It is important to emphasize that because each disk was positioned within only one of the four quadrants of the visual field, in theory, the local information between the two conditions was identical with respect to sensory neurons whose receptive fields are retinotopically organized. That is to say, if only one of the four disks were viewed at any time, the two experimental conditions would be indistinguishable from each other. By isolating the disks to individual quadrants of the visual field, we can identify retinotopically organized brain regions that are sensitive to the nonlocal interactions that necessarily underlie perceptual grouping.

There are populations of neurons starting at the level of the retina (parasol ganglion cells or P‐cells) that have transient response profiles and are thus highly sensitive to overall changes in luminance. One could argue that residual luminance energy from the disparate disks could “leak” across the vertical and horizontal meridians in an asymmetrical fashion between the two stimulus types, creating differential temporal patterns of overall luminance levels in the image between the two conditions. To minimize this potential confound, rather than using luminance‐defined stimuli, the stimuli used here were chromatically defined (green) and individually set to subjective isoluminance with the grey background for each subject. Unlike P‐cells, the retinal ganglion cells (midget ganglion cells or M‐cells) that are most sensitive to chromatic stimuli have sustained responses and are thus much less sensitive to the temporal dynamics in overall chrominance levels. Thus, the use of chromatic stimuli significantly reduces the likelihood that changes in BOLD signal between the two conditions will result from asymmetrical patterns in overall luminance levels in the stimuli. In addition to these primary stimuli, a central, stationary fixation spot was present at all times.

The Determination of Subjective Isoluminance

The luminance of the green stimuli used in the experiment was adjusted to become subjectively equal to the grey background for each subject using the minimal flicker technique [Anstis and Cavanagh, 1983]. Before the imaging data were collected, we presented a green flashing (30 Hz) square that subtended 1.5° visual angle in the center of a grey background and let the subjects adjust the green component of the square's color until minimal subjective flicker was reported. The color of the square was then fixed and applied to the stimuli for the duration of the experiment. This was carried out in the scanner to ensure that isoluminance was optimized for the actual experimental conditions that followed.

Fixation Task

Eye‐movements, wakefulness, and attention to the fovea were controlled for by requiring subjects to perform a reaction‐time task in which subjects had to press a button as fast as possible to a pseudorandomly occurring change in fixation point color. The fixation point subtended 0.25° × 0.25° visual angle, located at the center of the screen, which changed color from red to blue, or blue to red, approximately every 7.3 s. This color change occurred at an equal number of times during each block. This task could only be carried out successfully if subjects fixated during both condition and fixation‐only blocks, and attended to the fixation point carefully.

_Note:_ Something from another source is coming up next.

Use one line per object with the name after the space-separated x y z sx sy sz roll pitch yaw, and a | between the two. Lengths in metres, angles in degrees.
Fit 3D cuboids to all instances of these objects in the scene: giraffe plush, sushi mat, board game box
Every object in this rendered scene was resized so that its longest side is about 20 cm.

Stimulus Presentation fMRI

Each subject participated in multiple runs (min = 5, max = 7) in the scanner. Each run lasted 180 s (72 volumes, TR = 2.5 s). In each run, there were four 20‐s (8 volumes) stimulation blocks. These blocks were interleaved with five 20‐s blank periods during which only the fixation spot was present. Thus each run began and finished with blank periods. In addition, 10 s (4 TRs) of dummy images were collected at the beginning of each run to allow for T1 equilibration effects.

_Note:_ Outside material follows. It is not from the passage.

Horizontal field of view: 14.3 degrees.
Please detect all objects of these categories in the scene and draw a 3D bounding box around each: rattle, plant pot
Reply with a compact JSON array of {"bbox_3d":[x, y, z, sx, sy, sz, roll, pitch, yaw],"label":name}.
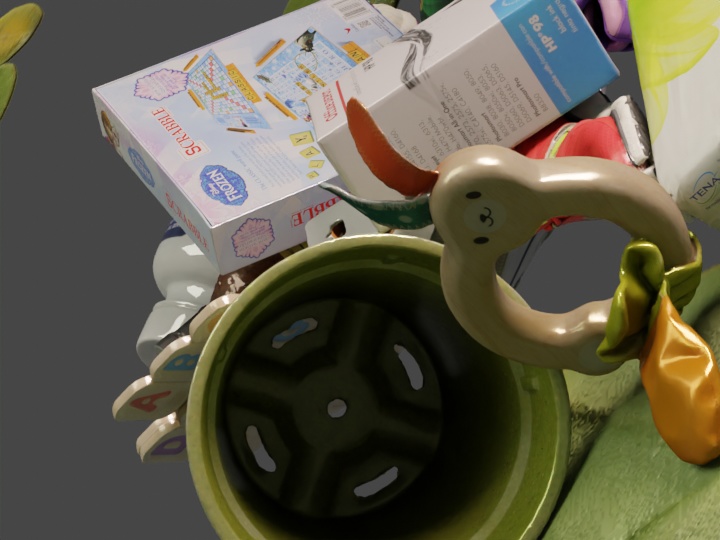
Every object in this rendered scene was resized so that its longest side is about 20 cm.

In each of the stimulation blocks, one of the two stimulus groups was presented. In each run, two blocks of each condition were presented. The order in which the stimulus groups were presented was pseudorandomly determined for each run. Figure 1 illustrates an example of a single experimental run. The objects in each group were green and isoluminant to the background, which was always a constant and uniform grey, even during the blank period.

Data Acquisition

T1‐weighted anatomical images were acquired using a high‐resolution 3D spoiled gradient recovery sequence (SPGR; 124 sagital slices, TE = 6 ms, TR = 25 ms, flip angle = 25°, 1 × 1 × 1.2 mm3 voxels) as well as a T1‐weighted coplanar anatomical image with the same slice orientation as the EPI data, which was used for coregistration. Continuous whole‐brain BOLD signal was acquired at the Dartmouth Brain Imaging Center on a GE 1.5T signa scanner using a standard head coil. Standard T2* gradient‐weighted echoplanar functional images sensitive to BOLD contrast were collected using 25 slices (4.5 mm thickness and 3.75 × 3.75 mm2 in‐plane voxel resolution, interslice distance 1 mm, TR = 2500 ms, T2* echo time = 35 ms, flip angle = 90°, FOV = 240 × 240 × 256 mm3, descending interleaved slice acquisition, matrix size = 64 × 64) oriented approximately along the anterior‐ and posterior‐commissure plane. These slices were sufficient to encompass the entire brain of each subject.

Analysis of fMRI Data

Preprocessing

Data were analyzed using BRAIN VOYAGER (BV) 4.9.6 and MATLAB software developed in house. Effects of small head movements during and between runs were removed using BV's motion correction algorithms. Slice scan time correction was carried out to correct for the fact that slices were not collected at the same time and were collected in interleaved and descending order. Functional data were not smoothed in the space domain, but any low‐frequency temporal fluctuations whose wavelength was greater than 24 TRs were removed. This did not introduce correlations between a voxel and its neighbors. For each subject, the functional data was coregistered to the high‐resolution anatomical image and normalized into the Talairach stereotactic coordinate space, which enables comparisons to be made across subjects.

General linear model

Data from each experiment and each of the localizer scans were analyzed using the General Linear Model with a boxcar waveform convolved with a canonical hemodynamic response function. This returned a beta‐weight parameter estimate for each condition for each voxel.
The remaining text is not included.